_AIM OF THE TASK:_ Reproduce exactly the entries from the "Task: Navigate to" line to the end. Skip all pictures.

_DATASET CONTENT:_
*** Begin section ***
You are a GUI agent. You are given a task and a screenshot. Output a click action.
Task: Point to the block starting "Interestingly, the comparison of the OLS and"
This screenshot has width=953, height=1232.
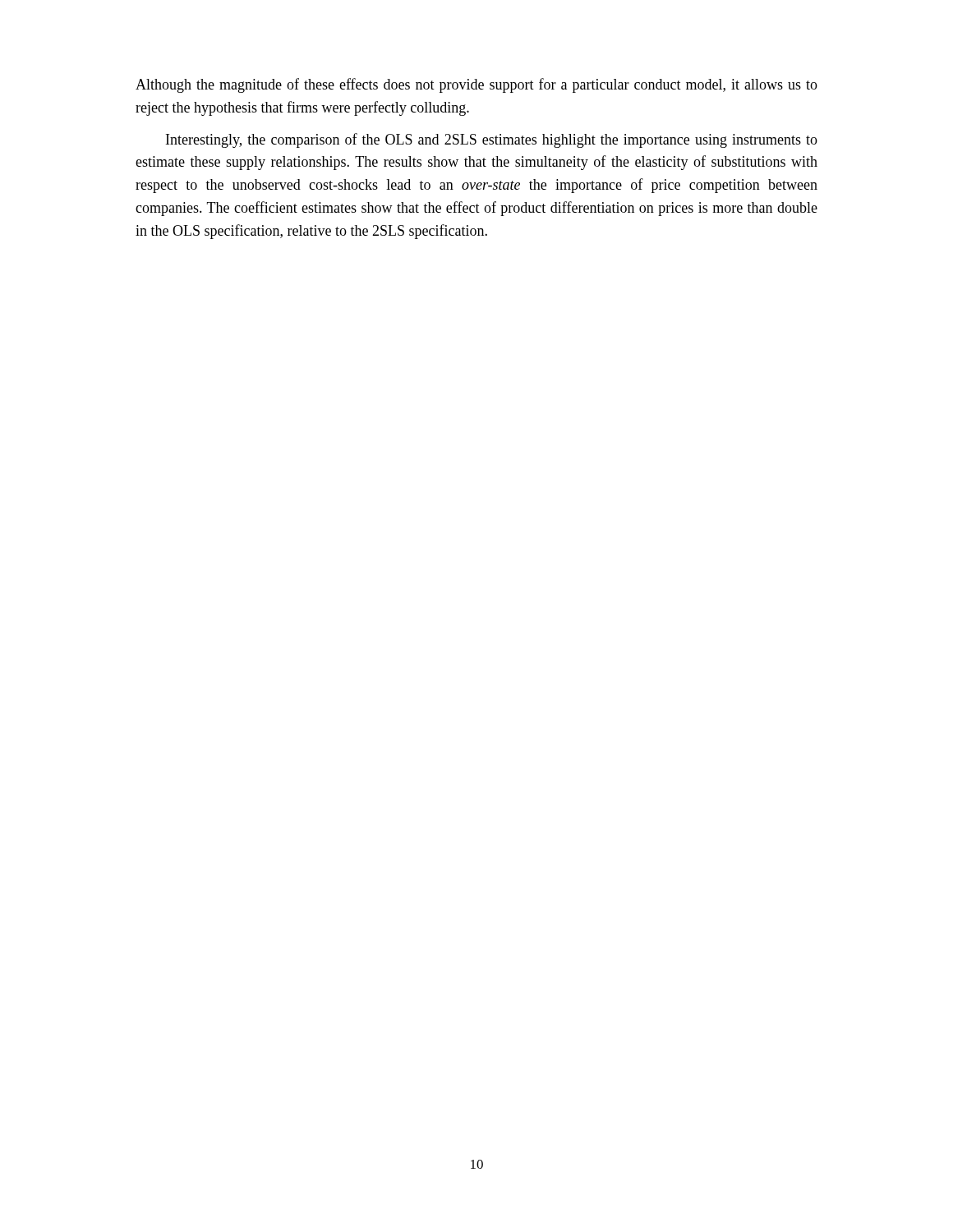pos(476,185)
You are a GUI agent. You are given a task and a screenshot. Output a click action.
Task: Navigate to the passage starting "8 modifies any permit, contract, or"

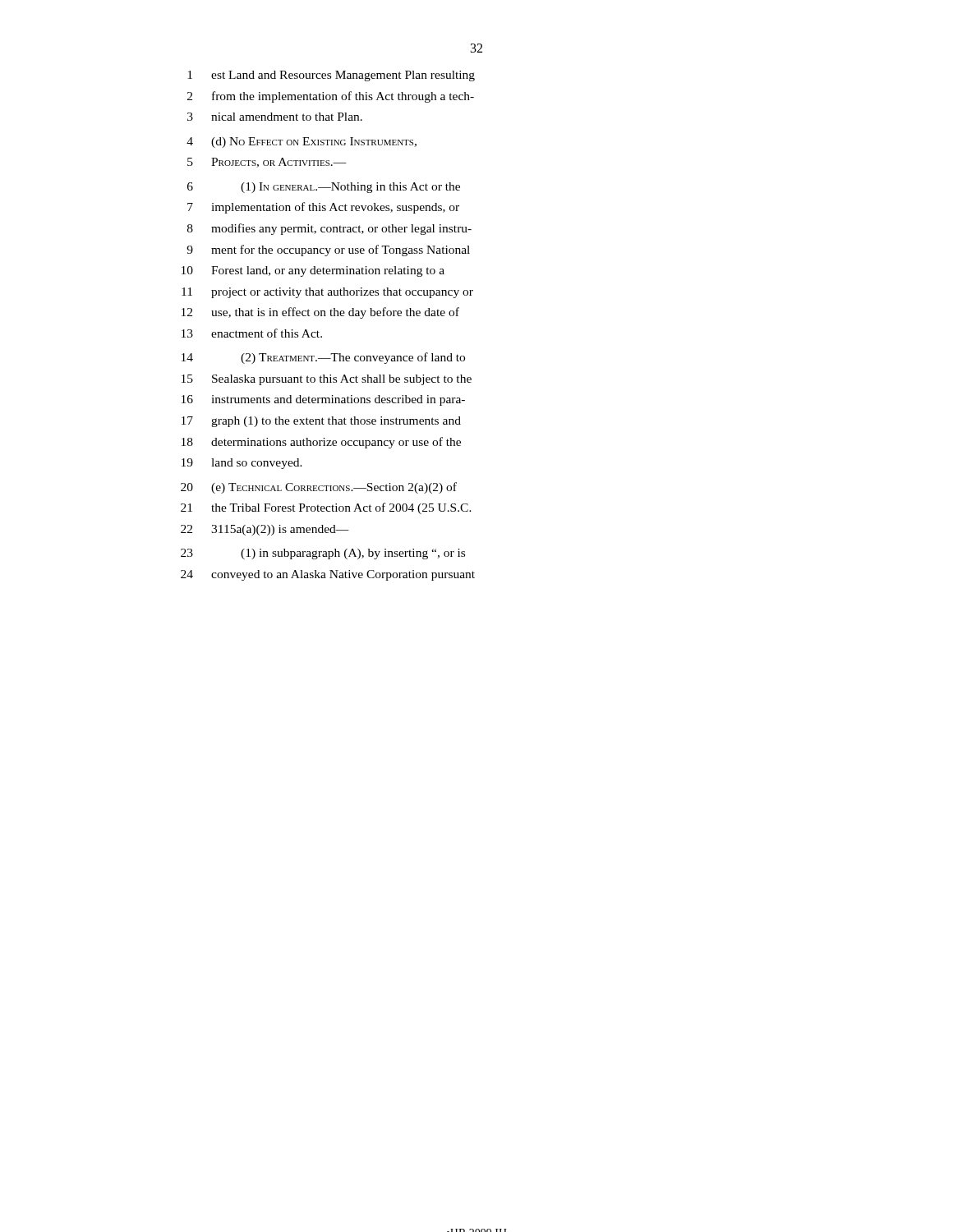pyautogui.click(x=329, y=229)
*** End section ***
_EXPECTED ANSWER:_
Task: Navigate to the passage starting "8 modifies any permit, contract, or"

pyautogui.click(x=329, y=229)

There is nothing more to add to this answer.